Mental state is a factual question typically decided by a jury, and one we are loathe to scrutinize at this stage of litigation. We do not know what the banks were thinking when they decided to collect from plaintiffs account and to report his alleged delinquency to the credit agencies. But federal notice pleading does not require the complaint to state specific facts establishing mental state. Plaintiff adequately alleges that the banks had the proper mental state. There are multiple *942sets of facts consistent with these allegations and on a motion to dismiss we cannot entertain the banks’ factual arguments to the contrary.
Count I — FCRA Claim Against Equifax and Trans Union
Equifax and Trans Union rely exclusively on the banks’ argument that their characterization of the debt was accurate. We have already found that plaintiff has sufficiently alleged that Harris Barrington acted improperly. Having raised no independent arguments, Equifax’s and Trans Union’s motions to dismiss must also be denied.
CONCLUSION
For the foregoing reasons, defendants’ motions to dismiss are denied.
. Although not specifically stated in the complaint, it can be inferred that Experian has ceased reporting the contract as delinquent on plaintiff’s credit report.
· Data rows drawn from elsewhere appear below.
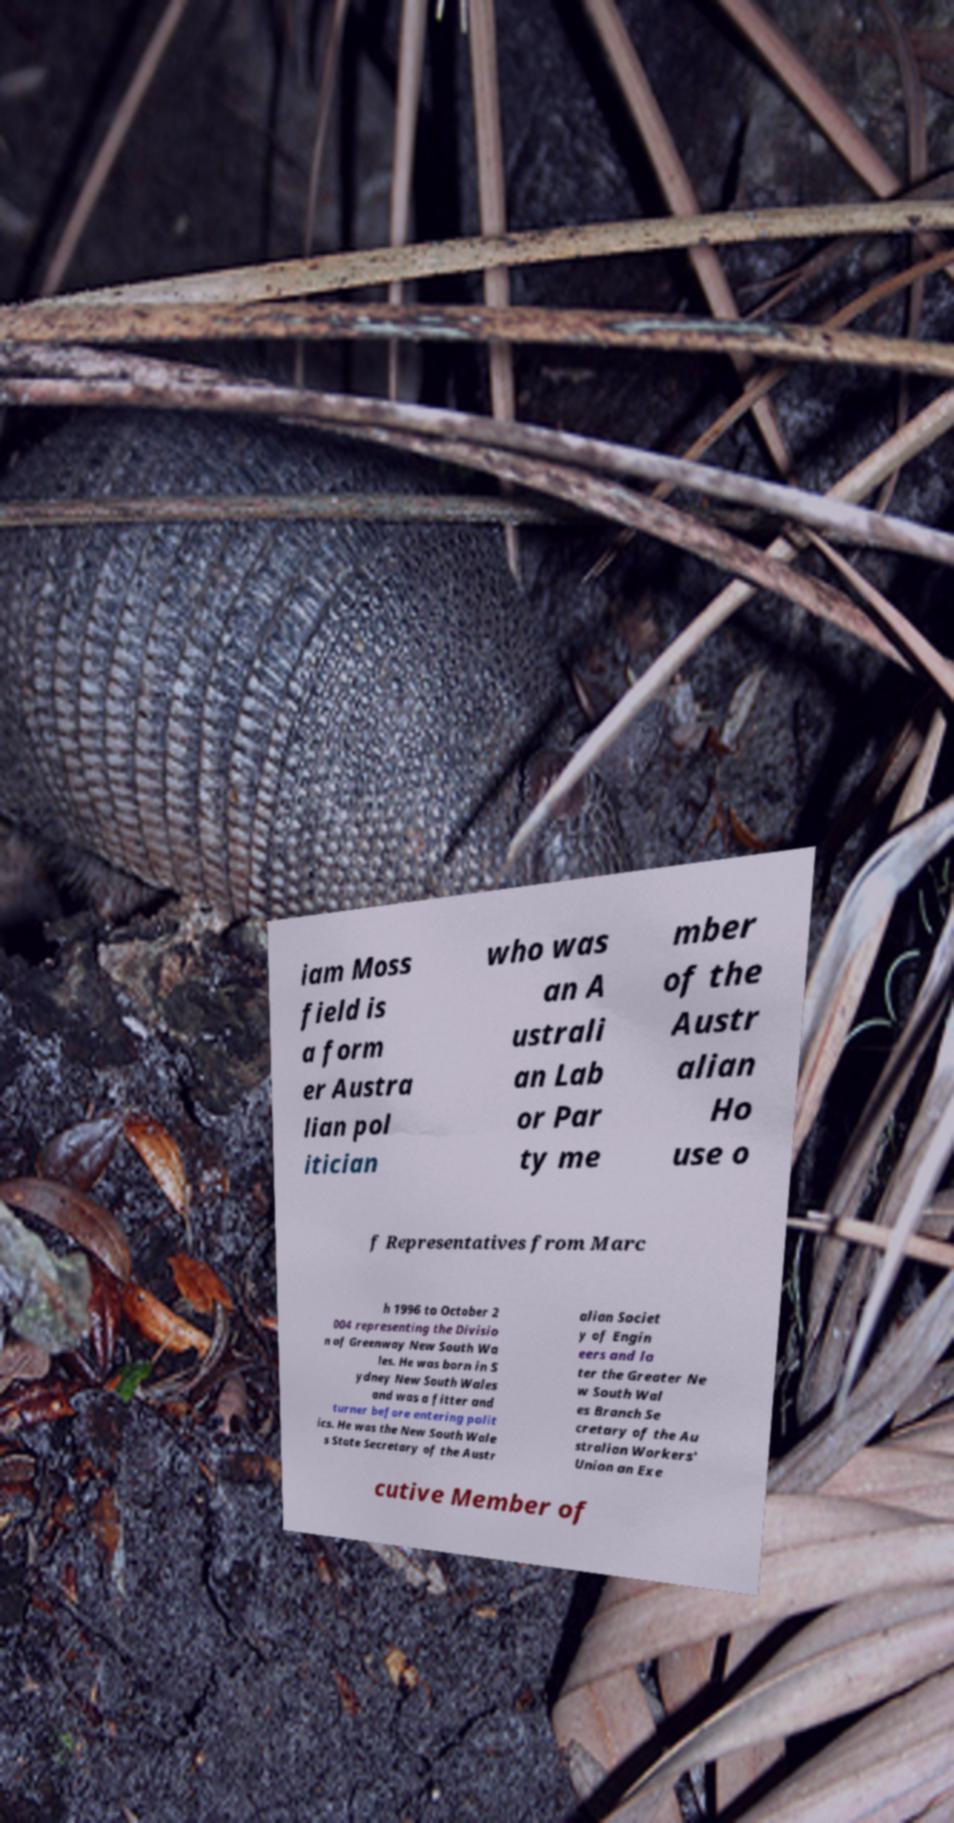Could you assist in decoding the text presented in this image and type it out clearly? iam Moss field is a form er Austra lian pol itician who was an A ustrali an Lab or Par ty me mber of the Austr alian Ho use o f Representatives from Marc h 1996 to October 2 004 representing the Divisio n of Greenway New South Wa les. He was born in S ydney New South Wales and was a fitter and turner before entering polit ics. He was the New South Wale s State Secretary of the Austr alian Societ y of Engin eers and la ter the Greater Ne w South Wal es Branch Se cretary of the Au stralian Workers' Union an Exe cutive Member of 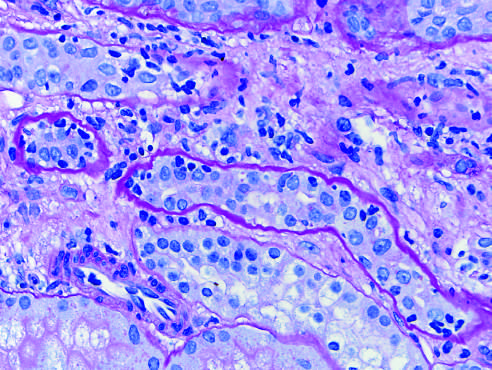what is acute cellular rejection of a kidney graft manifested by in the inter-stitium and between epithelial cells of the tubules tubulitis?
Answer the question using a single word or phrase. Inflammatory cells in the inter-stitium and between epithelial cells of the tubules tubulitis 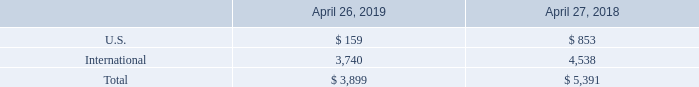16. Segment, Geographic, and Significant Customer Information
We operate in one industry segment: the design, manufacturing, marketing, and technical support of high-performance storage and data management solutions. We conduct business globally, and our sales and support activities are managed on a geographic basis. Our management reviews financial information presented on a consolidated basis, accompanied by disaggregated information it receives from our internal management system about revenues by geographic region, based on the location from which the customer relationship is managed, for purposes of allocating resources and evaluating financial performance. We do not allocate costs of revenues, research and development, sales and marketing, or general and administrative expenses to our geographic regions in this internal management reporting because management does not review operations or operating results, or make planning decisions, below the consolidated entity level.
The majority of our assets, excluding cash, cash equivalents, short-term investments and accounts receivable, were attributable to our domestic operations. The following table presents cash, cash equivalents and short-term investments held in the U.S. and internationally in various foreign subsidiaries (in millions):
Which years does the table provide information for cash, cash equivalents and short-term investments held? 2019, 2018. What were the assets from U.S. in 2019?
Answer scale should be: million. 159. What were the total assets in 2018?
Answer scale should be: million. 5,391. What was the change in international assets between 2018 and 2019?
Answer scale should be: million. 3,740-4,538
Answer: -798. What was the change in U.S. assets between 2018 and 2019?
Answer scale should be: million. 159-853
Answer: -694. What was the percentage change in the total assets between 2018 and 2019?
Answer scale should be: percent. (3,899-5,391)/5,391
Answer: -27.68.

. Plaintiff moved to strike any argument based on the MVRSA, asserting that the banks raised this statute for the first time in their reply brief. The banks, in turn, claim that motion to strike itself raised new issues. We agree that the MVRSA should have been raised in the initial briefs. We also find, however, that a discussion of the MVRSA, and the way it interacts- with the ICFA, are essential to understanding Section 2S. Plaintiff’s motion to strike effectively serves as a surreply. Counting the response and reply to the motion to strike, we now have three briefs from each side. Any unfair surprise has been mitigated and all parties have had ample opportunity to be heard.
. By securing a cosigner who is within the special class defined by Section 18, the creditor will only need to comply with Section 2S before recovering from the surety, instead of having to exhaust all legal remedies against the principal before taking action against a guarantor.
. There is nothing in Section 2S that conflicts with the FTC’s admonition that we ignore how the party’s designate themselves in favor of a rule based on who receives property. Section 18, in fact, seems to endorse this principle.